Why does this matter? Consider these two namespace patterns:

Without trailing slash (BAD)
❌ BAD:  /actors/Alice
❌ BAD:  /actors/AliceSmith

Without the trailing slash, a query for /actors/Alice would match BOTH namespaces due to prefix matching. The user “Alice” would inadvertently see “AliceSmith’s” memories.
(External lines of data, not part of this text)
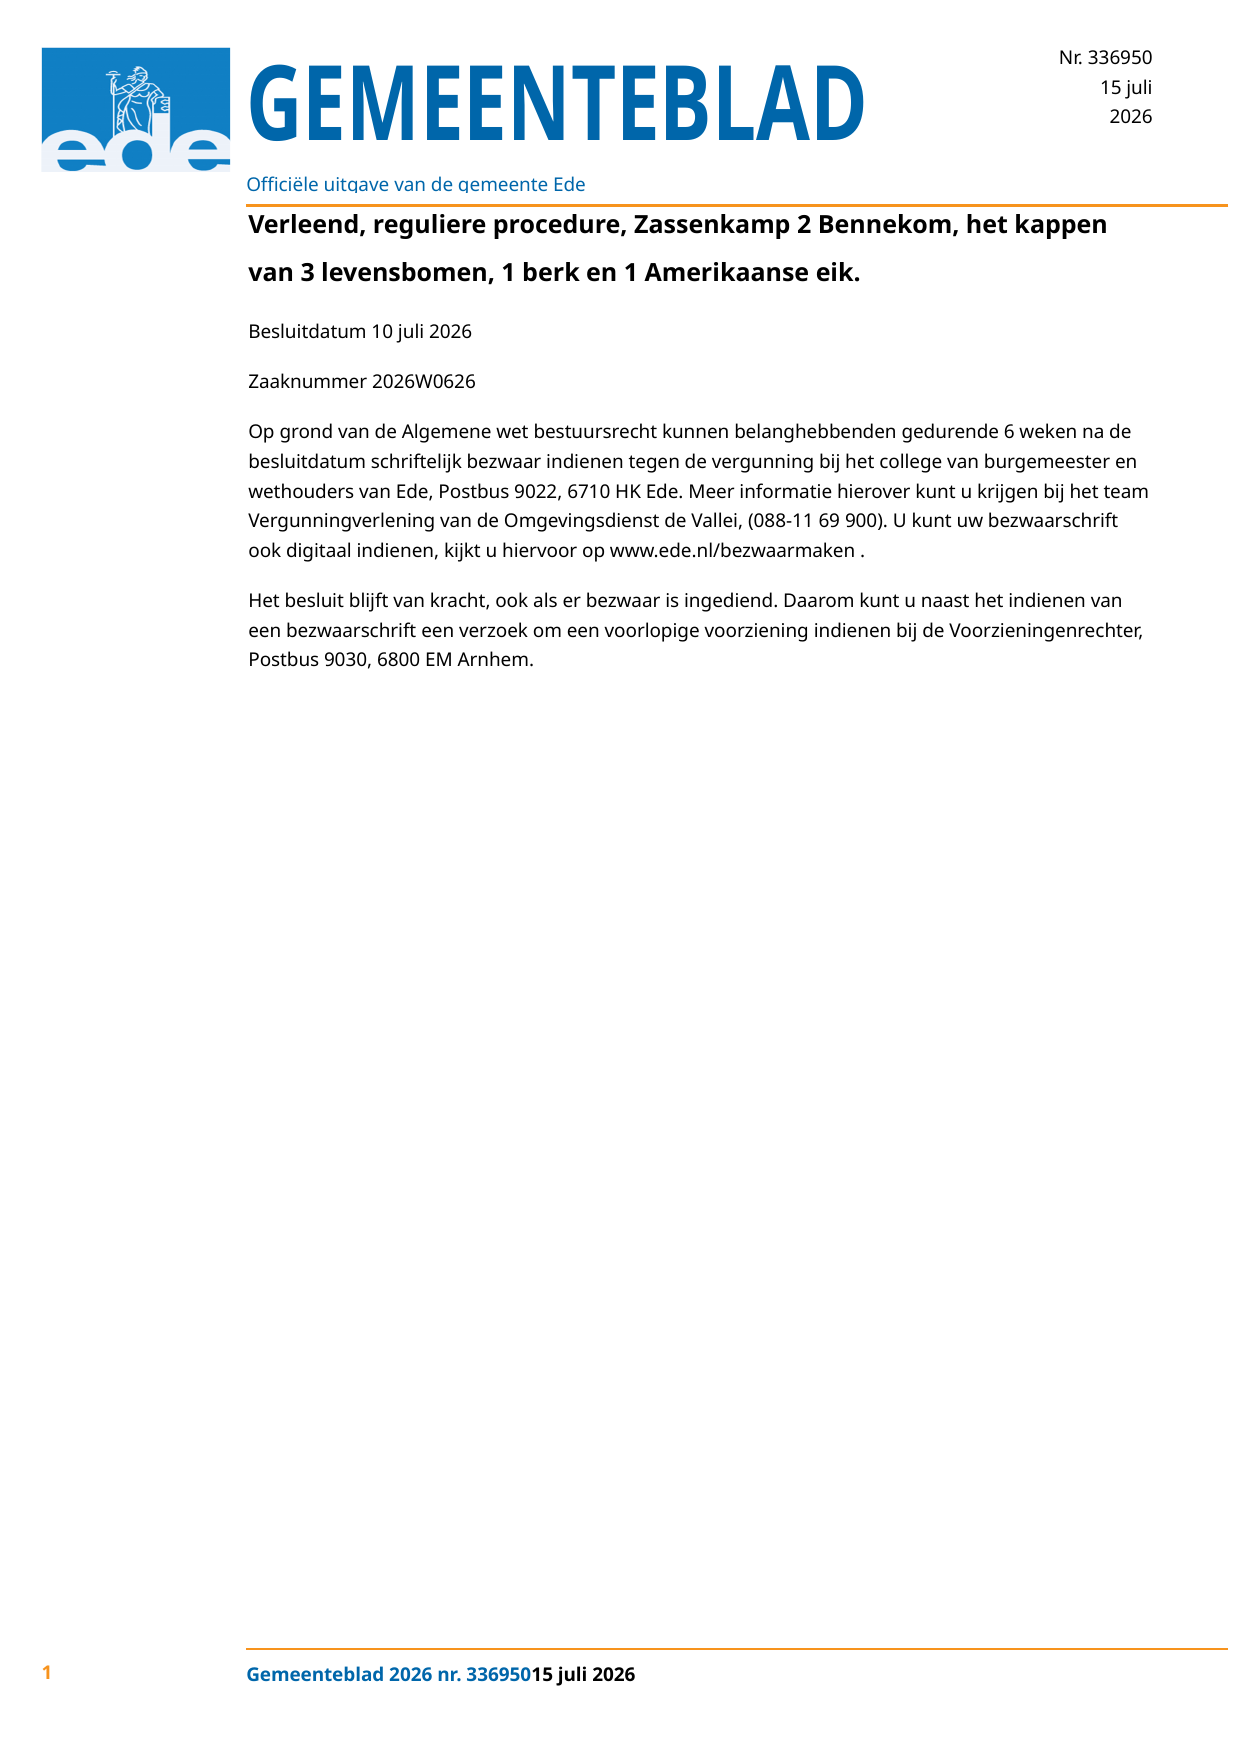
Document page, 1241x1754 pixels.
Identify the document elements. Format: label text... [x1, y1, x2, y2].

text Zaaknummer 2026W0626 [248, 368, 1152, 394]
text Op grond van de Algemene wet bestuursrecht kunnen belanghebbenden gedurende 6 weken na de besluitdatum schriftelijk bezwaar indienen tegen de vergunning bij het college van burgemeester en wethouders van Ede, Postbus 9022, 6710 HK Ede. Meer informatie hierover kunt u krijgen bij het team Vergunningverlening van de Omgevingsdienst de Vallei, (088-11 69 900). U kunt uw bezwaarschrift ook digitaal indienen, kijkt u hiervoor op www.ede.nl/bezwaarmaken . [248, 419, 1152, 563]
picture [41, 47, 231, 172]
text Het besluit blijft van kracht, ook als er bezwaar is ingediend. Daarom kunt u naast het indienen van een bezwaarschrift een verzoek om een voorlopige voorziening indienen bij de Voorzieningenrechter, Postbus 9030, 6800 EM Arnhem. [248, 587, 1152, 672]
text Besluitdatum 10 juli 2026 [248, 318, 1152, 344]
text Verleend, reguliere procedure, Zassenkamp 2 Bennekom, het kappen van 3 levensbomen, 1 berk en 1 Amerikaanse eik. [248, 207, 1152, 288]

With trailing slashes, the isolation is enforced:

With trailing slash (GOOD)
✅ GOOD: /actors/Alice/
✅ GOOD: /actors/AliceSmith/

Now a query for /actors/Alice/ matches only Alice’s namespace, not AliceSmith’s.

Granularity Levels

AgentCore Memory supports different levels of namespace granularity depending on your use case:

Granularity Level Namespace Pattern Use Case
Most granular /strategy/{strategyId}/actor/{actorId}/session/{sessionId}/ Isolate memories per conversation; useful for temporary workflows
Actor-level /strategy/{strategyId}/actor/{actorId}/ Isolate memories per user across all sessions; most common pattern
Strategy-level /strategy/{strategyId}/ Share memories across all actors for a strategy; use cautiously
Global / No isolation; use only for truly global knowledge

For multi-tenant applications, you’ll almost always use actor-level granularity (/strategy/{strategyId}/actor/{actorId}/) as your baseline, combined with additional prefixes for app-level isolation.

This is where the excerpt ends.